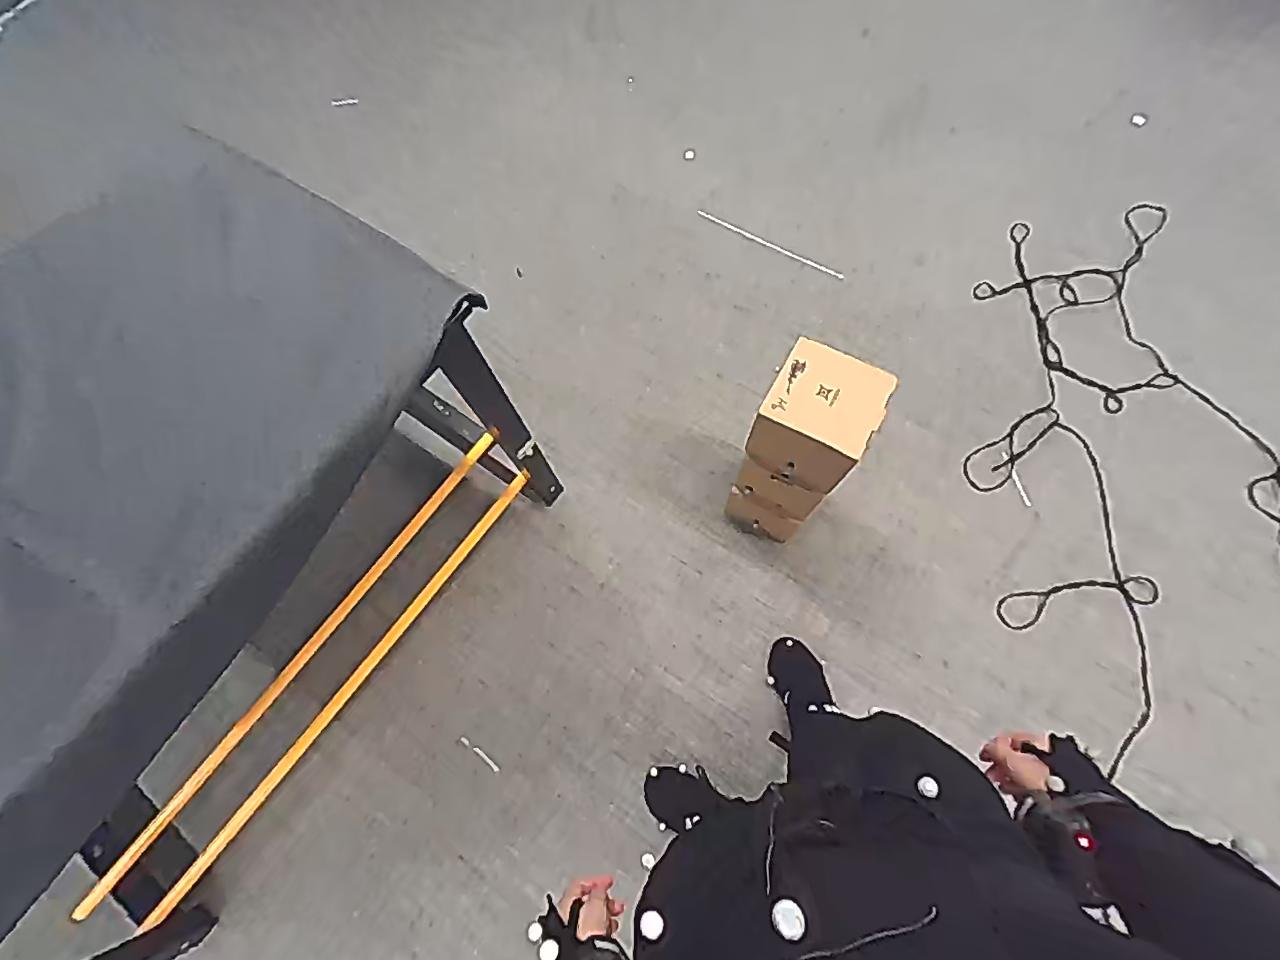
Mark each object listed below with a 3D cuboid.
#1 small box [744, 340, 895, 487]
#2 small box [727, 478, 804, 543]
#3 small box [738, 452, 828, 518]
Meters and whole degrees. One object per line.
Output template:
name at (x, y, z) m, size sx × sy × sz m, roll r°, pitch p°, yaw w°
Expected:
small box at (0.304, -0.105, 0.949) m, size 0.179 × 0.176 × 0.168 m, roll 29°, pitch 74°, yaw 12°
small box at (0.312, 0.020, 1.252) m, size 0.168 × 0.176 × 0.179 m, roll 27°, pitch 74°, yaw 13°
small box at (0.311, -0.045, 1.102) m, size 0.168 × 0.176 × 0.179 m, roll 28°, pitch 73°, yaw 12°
# # # # #
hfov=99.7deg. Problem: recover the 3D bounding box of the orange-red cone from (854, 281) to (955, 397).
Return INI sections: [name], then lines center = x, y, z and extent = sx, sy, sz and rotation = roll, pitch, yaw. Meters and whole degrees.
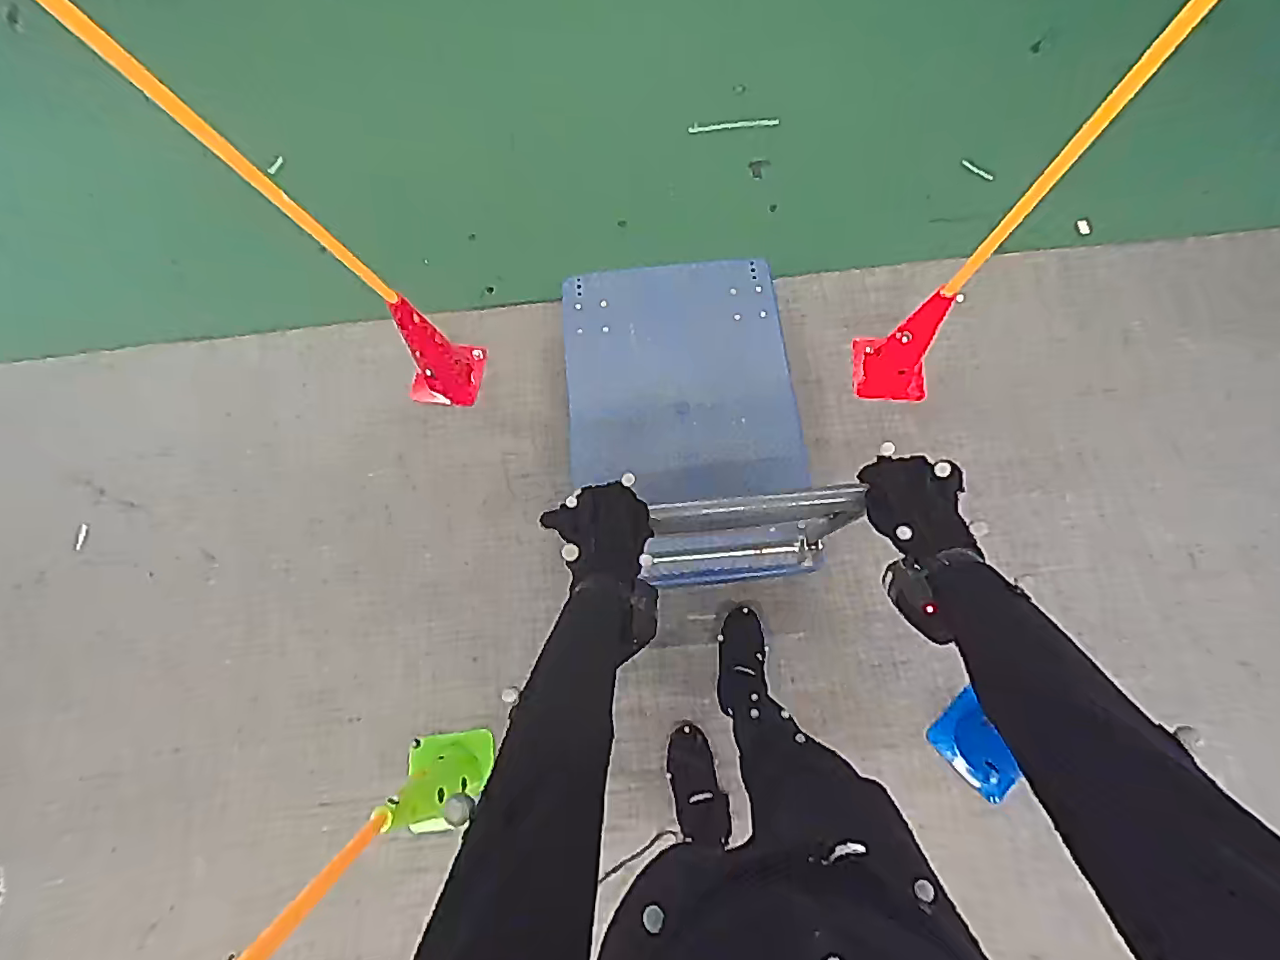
# # # # #
What to work on → Return all lines in the data that include the word "degrees".

Answer space →
Meters and whole degrees. One object per line.
Return INI sections: [name], then lines center = x, y, z and extent = sx, sy, sz and rotation = roll, pitch, yaw. Meters and whole degrees.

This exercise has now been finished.